• [What you should do]:
Nothing but the lines from the first line of the entries through the line with "ID MR Number</text>" should appear in the answer, transcribed exactly and free of pictures.

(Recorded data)
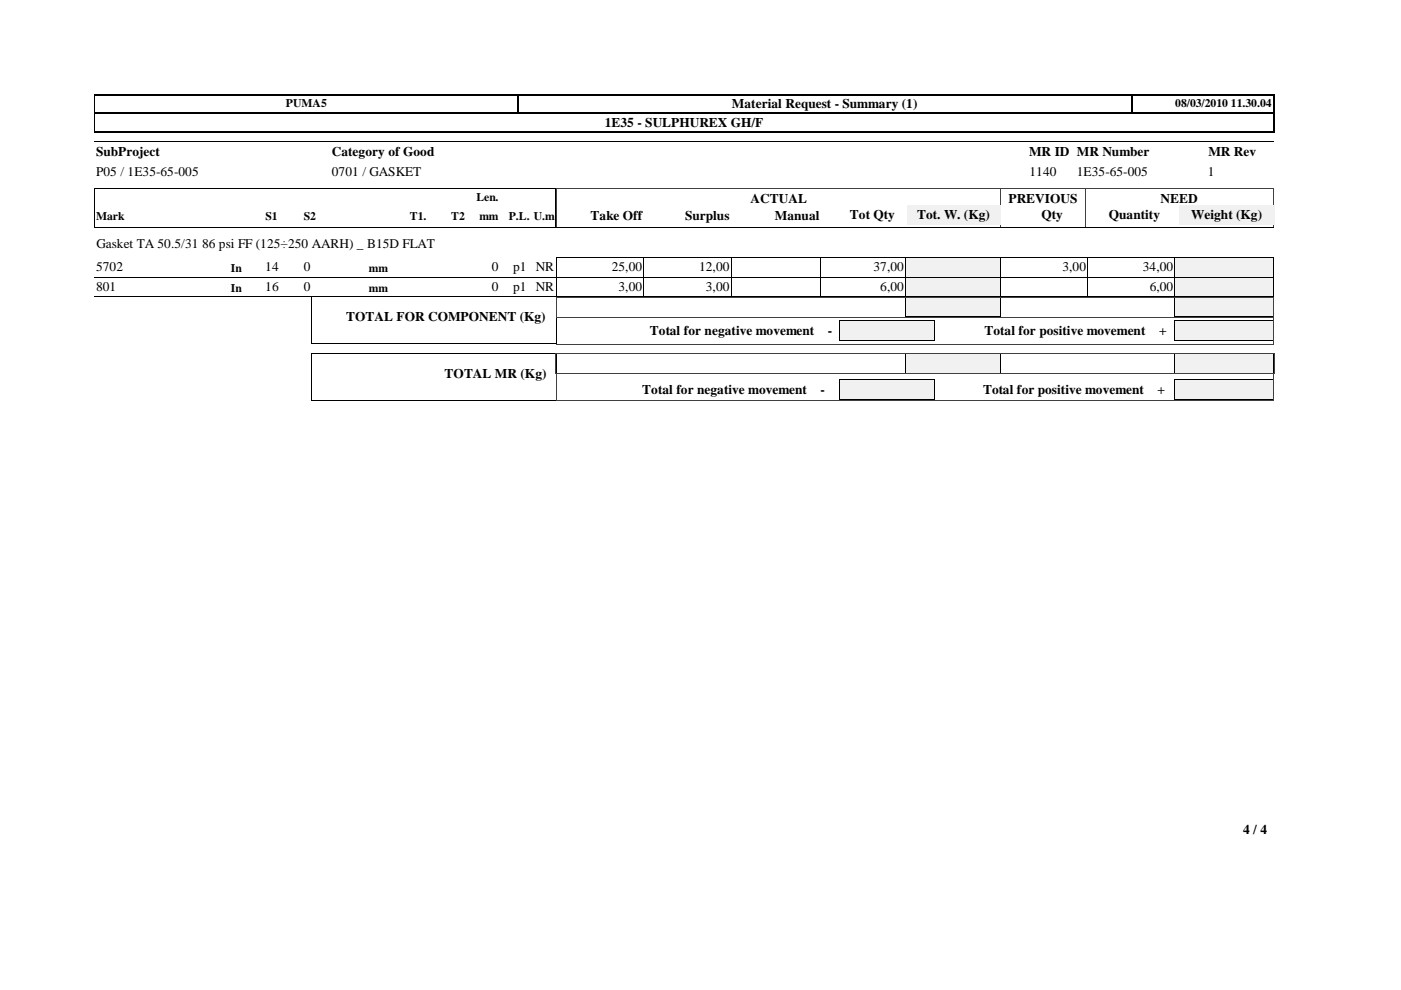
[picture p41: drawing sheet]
<svg xmlns="http://www.w3.org/2000/svg" width="297mm" height="210mm" viewBox="0 0 297 210" stroke-linecap="round" stroke-linejoin="round" font-family="sans-serif">
<defs><g id="words">
<g font-size="2.8">
<text x="155.2" y="22.9">Material Request - Summary (1)</text>
<text x="128.2" y="26.8">1E35 - SULPHUREX GH/F</text>
<text x="20.4" y="33.1">SubProject</text>
<text x="70.4" y="33">Category of Good</text>
<text x="218.2" y="33">MR ID MR Number</text>
<text x="256.2" y="33">MR Rev</text>
<text x="20.4" y="37.3">P05 / 1E35-65-005</text>
<text x="70.4" y="37.2">0701 / GASKET</text>
<text x="218.3" y="37.2">1140</text>
<text x="228.3" y="37.2">1E35-65-005</text>
<text x="256.1" y="37.2">1</text>
<text x="125.2" y="46.7">Take Off</text>
<text x="145.2" y="46.7">Surplus</text>
<text x="159.1" y="43">ACTUAL</text>
<text x="164.3" y="46.7">Manual</text>
<text x="180.2" y="46.4">Tot Qty</text>
<text x="194.4" y="46.4">Tot. W. (Kg)</text>
<text x="213.8" y="43">PREVIOUS</text>
<text x="220.8" y="46.4">Qty</text>
<text x="235.1" y="46.4">Quantity</text>
<text x="246.1" y="43">NEED</text>
<text x="252.6" y="46.4">Weight (Kg)</text>
<text x="20.4" y="52.6">Gasket TA 50.5/31 86 psi FF (125÷250 AARH) _ B15D FLAT</text>
<text x="20.4" y="57.5">5702</text>
<text x="56.3" y="57.5">14</text>
<text x="64.4" y="57.5">0</text>
<text x="104.3" y="57.5">0</text>
<text x="108.8" y="57.5">p1 NR</text>
<text x="129.7" y="57.5">25,00</text>
<text x="148.2" y="57.5">12,00</text>
<text x="185.2" y="57.5">37,00</text>
<text x="225.3" y="57.5">3,00</text>
<text x="242.3" y="57.5">34,00</text>
<text x="20.4" y="61.7">801</text>
<text x="56.3" y="61.7">16</text>
<text x="64.4" y="61.7">0</text>
<text x="104.3" y="61.7">0</text>
<text x="108.8" y="61.7">p1 NR</text>
<text x="131.1" y="61.7">3,00</text>
<text x="149.6" y="61.7">3,00</text>
<text x="186.6" y="61.7">6,00</text>
<text x="243.8" y="61.7">6,00</text>
<text x="73.4" y="68">TOTAL FOR COMPONENT (Kg)</text>
<text x="137.7" y="71">Total for negative movement</text>
<text x="175.5" y="71">-</text>
<text x="208.7" y="71">Total for positive movement</text>
<text x="245.7" y="71">+</text>
<text x="94.3" y="80.1">TOTAL MR (Kg)</text>
<text x="136.2" y="83.5">Total for negative movement</text>
<text x="174" y="83.5">-</text>
<text x="208.4" y="83.5">Total for positive movement</text>
<text x="245.4" y="83.5">+</text>
<text x="263.6" y="176.9">4 / 4</text>
</g>
<g font-size="2.5">
<text x="60.6" y="22.6">PUMA5</text>
<text x="249.2" y="22.6">08/03/2010 11.30.04</text>
<text x="20.4" y="46.7">Mark</text>
<text x="56.3" y="46.7">S1</text>
<text x="64.4" y="46.7">S2</text>
<text x="86.9" y="46.7">T1.</text>
<text x="95.7" y="46.7">T2</text>
<text x="101" y="42.7">Len.</text>
<text x="101.6" y="46.7">mm</text>
<text x="107.9" y="46.7">P.L. U.m</text>
<text x="49" y="57.7">In</text>
<text x="78.2" y="57.7">mm</text>
<text x="49" y="62">In</text>
<text x="78.2" y="62">mm</text>
</g>
</g></defs>
<path d="M270.1 20v4.1M20 20.1h250.3M20 24h250.3M20 27.9h250.3" fill="none" stroke="#000" stroke-width=".25"/>
<path d="M239.9 20v4.1" fill="none" stroke="#000" stroke-width=".38"/>
<path d="M109.9 20v4.1" fill="none" stroke="#000" stroke-width=".34"/>
<path d="M20.1 20v8M20 30h250M20 39.9h97.9M20 39.9v8.3l97.9 .1v-8.4" fill="none" stroke="#000" stroke-width=".21"/>
<path d="M20 24h250.3M270.1 23.9v4.1" fill="none" stroke="#000" stroke-width=".3"/>
<path d="M118 39.9h152M118 39.9v8.3h152M212.1 39.9v8.4M212.2 39.9v8.4M230.1 39.9v8.4M270 39.9v8.4" fill="none" stroke="#404040" stroke-width=".21"/>
<path d="M99.6 43.9h6.4v3.8h-6.4z" fill="#fff"/>
<g fill="#f1f1f1">
<path d="M192.3 43.4h19.8v4.2h-19.8z"/>
<path d="M250 43.4h20.2v4.2h-20.2z"/>
</g>
<path d="M20 48.3h250M20 58.7h172.1M118 58.8v-4.3h74.1l-.1 4.3M136.5 54.5v4.3M155 54.5v4.3M174 54.5v4.3M212.1 54.5h37v4.3M212.1 58.7h37M212.1 54.5v4.3M230.6 54.5v4.3" fill="none" stroke="#000" stroke-width=".21"/>
<path d="M192.1 54.5h20v4.2h-20z" fill="#f1f1f1"/>
<path d="M192 58.7h20.1M192 58.8v-4.3h20.1v4.3" fill="none" stroke="#000" stroke-width=".21"/>
<path d="M249.1 54.5h20.9v4.2h-20.9z" fill="#f1f1f1"/>
<path d="M136.5 58.7v4.3M155 58.7v4.3M174 58.7v4.3M212.1 58.7h57.9M212.1 58.7v4.3M230.6 58.7v4.3M249.1 54.5h20.9M249.1 54.5v8.5h-37M270 54.5v4.3M20 63h172l.1-4.3h-74.1v4.3" fill="none" stroke="#000" stroke-width=".21"/>
<path d="M192.1 58.7h20v4.2h-20z" fill="#f1f1f1"/>
<path d="M192 58.7h20.1v4.3h-20.1z" fill="none" stroke="#000" stroke-width=".21"/>
<path d="M249.1 58.7h20.9v4.2h-20.9z" fill="#f1f1f1"/>
<path d="M249.1 58.7h20.9M249.1 58.7v4.3M270 58.7v4.3M249.1 63h20.9" fill="none" stroke="#000" stroke-width=".21"/>
<path d="M192.1 62.9h20v4.3h-20z" fill="#f1f1f1"/>
<path d="M192 63h20.1v4.2h-20.1z" fill="none" stroke="#000" stroke-width=".21"/>
<path d="M249.1 62.9h20.9v4.3h-20.9z" fill="#f1f1f1"/>
<path d="M249.1 63h20.9M249.1 67.2h20.9M249.1 62.9v4.3M270 62.9v4.3" fill="none" stroke="#000" stroke-width=".21"/>
<path d="M249.1 68h20.8v4.2h-20.8z" fill="#f1f1f1"/>
<path d="M249 72.2h21M249.1 72.2l-.1-4.2h21l-.1 4.2" fill="none" stroke="#000" stroke-width=".21"/>
<path d="M178 68h20v4.2h-20z" fill="#f1f1f1"/>
<path d="M66 63h52.1l-.1 9.9h-52zM177.9 72.2h20.2M177.9 72.2v-4.2h20.2v4.2" fill="none" stroke="#000" stroke-width=".21"/>
<path d="M118 67.3h152.1v5.8M118 63.1h152.1M118 63v4.3M118 73h152.1M118 67.3v5.8M270.1 63v4.3" fill="none" stroke="#404040" stroke-width=".21"/>
<path d="M192.1 75h20v4.2h-20z" fill="#f1f1f1"/>
<path d="M192 75h20.1M192 75v4.3h20.1v-4.3" fill="none" stroke="#000" stroke-width=".21"/>
<path d="M249.1 75h20.9v4.2h-20.9z" fill="#f1f1f1"/>
<path d="M249.1 75h20.9M249.1 79.3h20.9M249.1 75v4.3M270 75v4.3" fill="none" stroke="#000" stroke-width=".21"/>
<path d="M249.1 80.4h20.8v4.3h-20.8z" fill="#f1f1f1"/>
<path d="M249 80.5h21M249.1 80.4l-.1 4.3h20.9v-4.3" fill="none" stroke="#000" stroke-width=".21"/>
<path d="M178 80.4h20v4.3h-20z" fill="#f1f1f1"/>
<path d="M66 75h52.1M66 75v10M118 75v10M66 85h52.1M177.9 80.5h20.2M177.9 80.4v4.3h20.2v-4.3" fill="none" stroke="#000" stroke-width=".21"/>
<path d="M117.9 79.3h152.3M117.9 75h152.3M117.9 75v4.3M118 79.2v5.8M270.1 79.2v5.8M270.2 75v4.3M118 85h152.1" fill="none" stroke="#404040" stroke-width=".21"/>
<use href="#words"/>
</svg>

• [Problem solution]:
[picture p41: drawing sheet]
<svg xmlns="http://www.w3.org/2000/svg" width="297mm" height="210mm" viewBox="0 0 297 210" stroke-linecap="round" stroke-linejoin="round" font-family="sans-serif">
<defs><g id="words">
<g font-size="2.8">
<text x="155.2" y="22.9">Material Request - Summary (1)</text>
<text x="128.2" y="26.8">1E35 - SULPHUREX GH/F</text>
<text x="20.4" y="33.1">SubProject</text>
<text x="70.4" y="33">Category of Good</text>
<text x="218.2" y="33">MR ID MR Number</text>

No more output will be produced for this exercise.